Great ghoulish Halloween reads for kids

October 16, 2009|By JEFF RIDGEWAY / Special to The Herald-Mail

Autumn is the time for ghost stories. With the death of sunny summer and a foreboding of winter to come, dark and windy nights are on our minds.

Almost every community possesses tales of hauntings and other strange happenings. South Mountain has phantom cannon that are rolled uphill by unseen hands. The luminarias at Antietam National Battlefield bear an almost ghostly witness to the casualties of tragic, long ago deaths. Gettysburg, Pa., has ghosts on the battlefield.

Harpers Ferry National Historical Park has ghosts that appear on stairs in park buildings. Hagerstown itself has had incidents of spirits seen or heard in several of the downtown buildings.

I was born near Middleway, W.Va., the site of the infamous Wizard Clip haunting just 30 miles from Hagerstown. Many of the old homes in our area possess so many creaks and groans that it is no wonder people think their houses are haunted.


And Edgar Allan Poe - perhaps the most famous author of the macabre - died mysteriously on an October night in Baltimore in 1849.

So as the rustling of the dead leaves and the chill of a brisk autumn wind turn our minds toward Poe, pumpkins and the warmth of fire, why not visit your local library and read something spooky?

  • "The Strange Story of Harpers Ferry," by Joseph Barry (ages 12 and older)

    This odd little book is in the Western Maryland Room's historical collection (and is sold at the Harper's Ferry national Historical Park bookstore), but contains the best account of the Wizard Clip haunting I have read.

  • "Scary Stories to Tell in the Dark," by Alvin Schwartz-Urban (ages 8 to 12)

    Folklore abounds in this slim volume that contains the "Hearse Song" and traditional stories like "The Hitchhiker."

    (Also "Scary Stories" II and III are available).

  • "The Graveyard Book," by Neil Gaiman (ages 11 and older)

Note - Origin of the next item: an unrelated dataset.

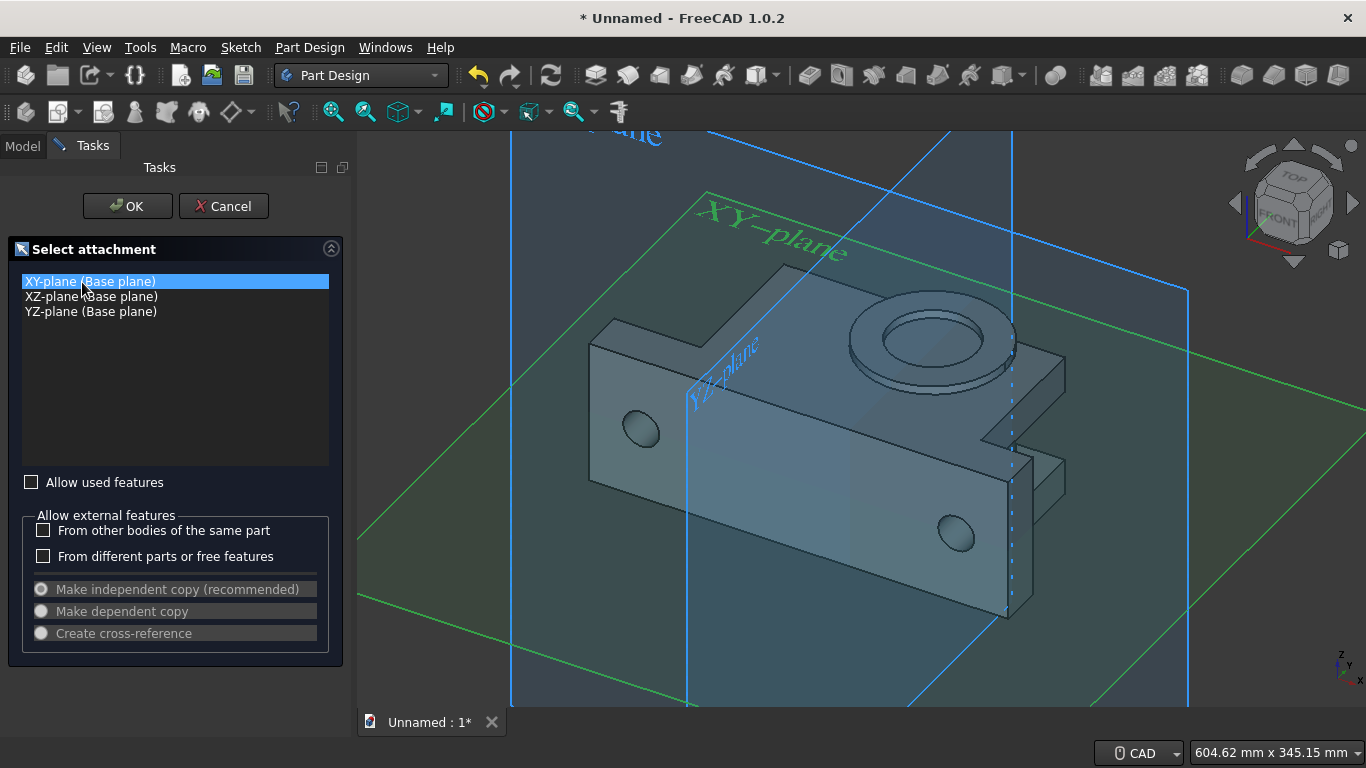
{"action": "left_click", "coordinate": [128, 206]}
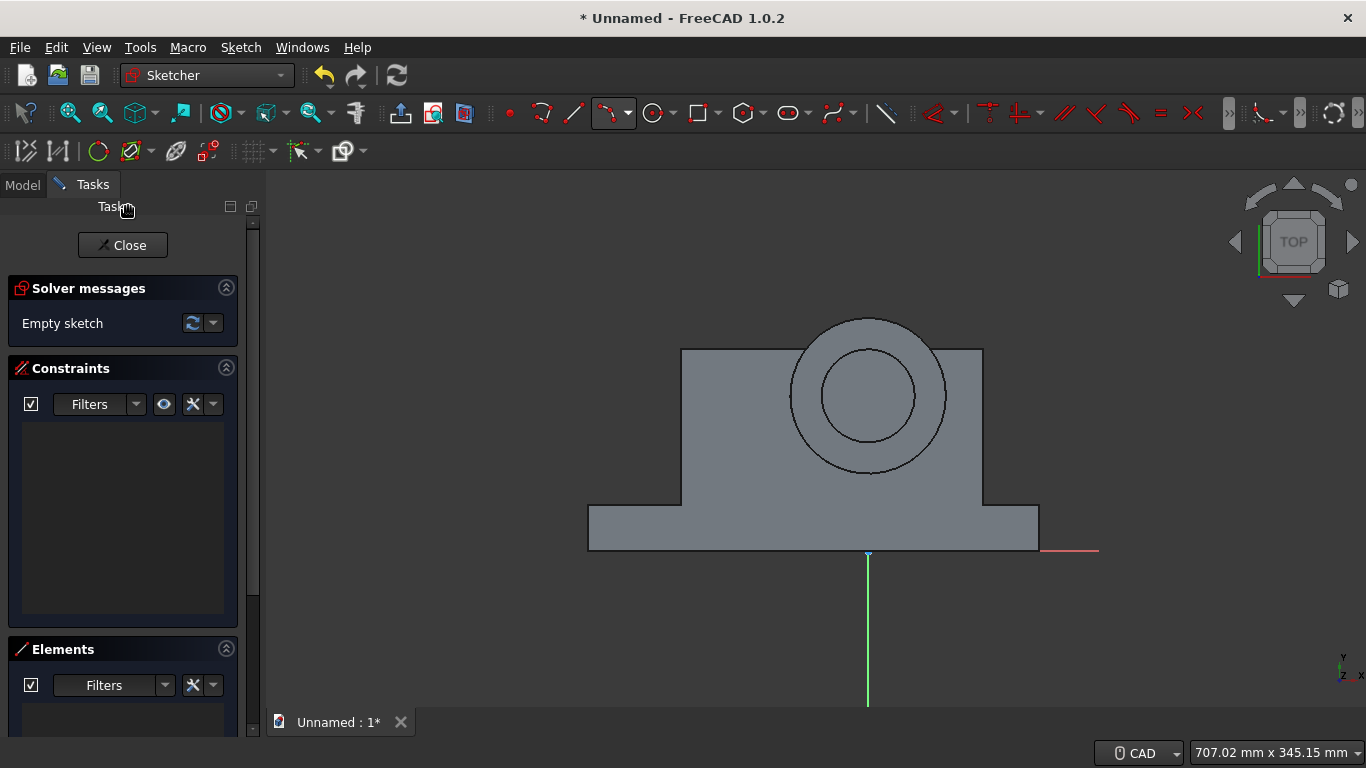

    This book won the Newbery award in 2009 and is the story of a boy who escapes to a cemetery and is adopted by the ghosts who live there.

  • "The Halloween Tree," by Ray Bradbury (ages 10 and older)

    This is the classic story of one boy's time travel adventures through the history of Halloween from ancient Egypt to the present.

  • "Famous Ghosts," by Michael Teitelbaum (ages 8 and older)

    This slim children's book talks about Haunted Places, Ghostly Children, and Restless Spirits. You can find it in the 133's - Dewey Decimal-ese for the supernatural section.

  • "All the Lovely Bad Ones," by Mary Downing Hahn (ages 10 to 13)

    Travis and his sister Corey decide to boost business at their grandmother's Vermont inn by staging a few hauntings that soon draw tourists from across the country, but when their antics awaken a dark force, they must find a way to put to rest the ghosts they have disturbed.

  • "South Mountain Magic," by Madeline Dahlgren (ages 12 and older)

    Madeline Dahlgren lived in the Old South Mountain Inn and loved the fascinating local legends and lore of the building and nearby residents.

  • "Christina's Ghost," by Betty Ren Wright (ages 8 to 12)

    This interactive audio book tells the story of Christina's summer with her grumpy uncle in a spooky, isolated Victorian house and how it turns into a ghostly adventure.

  • "Odder Than Ever," by Bruce Coville (ages 11 to 13)

    This anthology pulls together six previously published stories and three new stories by this well-known fantasy and science-fiction writer.

  • "The Dark-Thirty: Southern Tales of the Supernatural," by Patricia McKissack (ages 8 to 12)

    With an extraordinary gift for suspense, McKissack brings us 10 original spine-tingling tales inspired by African-American history and the mystery of that eerie half-hour before nightfall - the dark-thirty.

  • "Nevermore: A Photobiography of Edgar Allan Poe," by Karen Lange (ages 11 and older)

    A photographic biography chronicling the life of author and poet Edgar Allan Poe, with images capturing key moments and phases in his life and highlighting his literary influence.

  • "Tales of Terror," by Edgar Allan Poe (ages 11 and older)

    This collection brings to the modern reader six of the most famous tales by the incomparable Poe. Dark, brooding, heart-stopping chillers, these are tales of death and murder, revenge and guilt.

    Jeff Ridgeway is the head of children's services at the Washington County Free Library.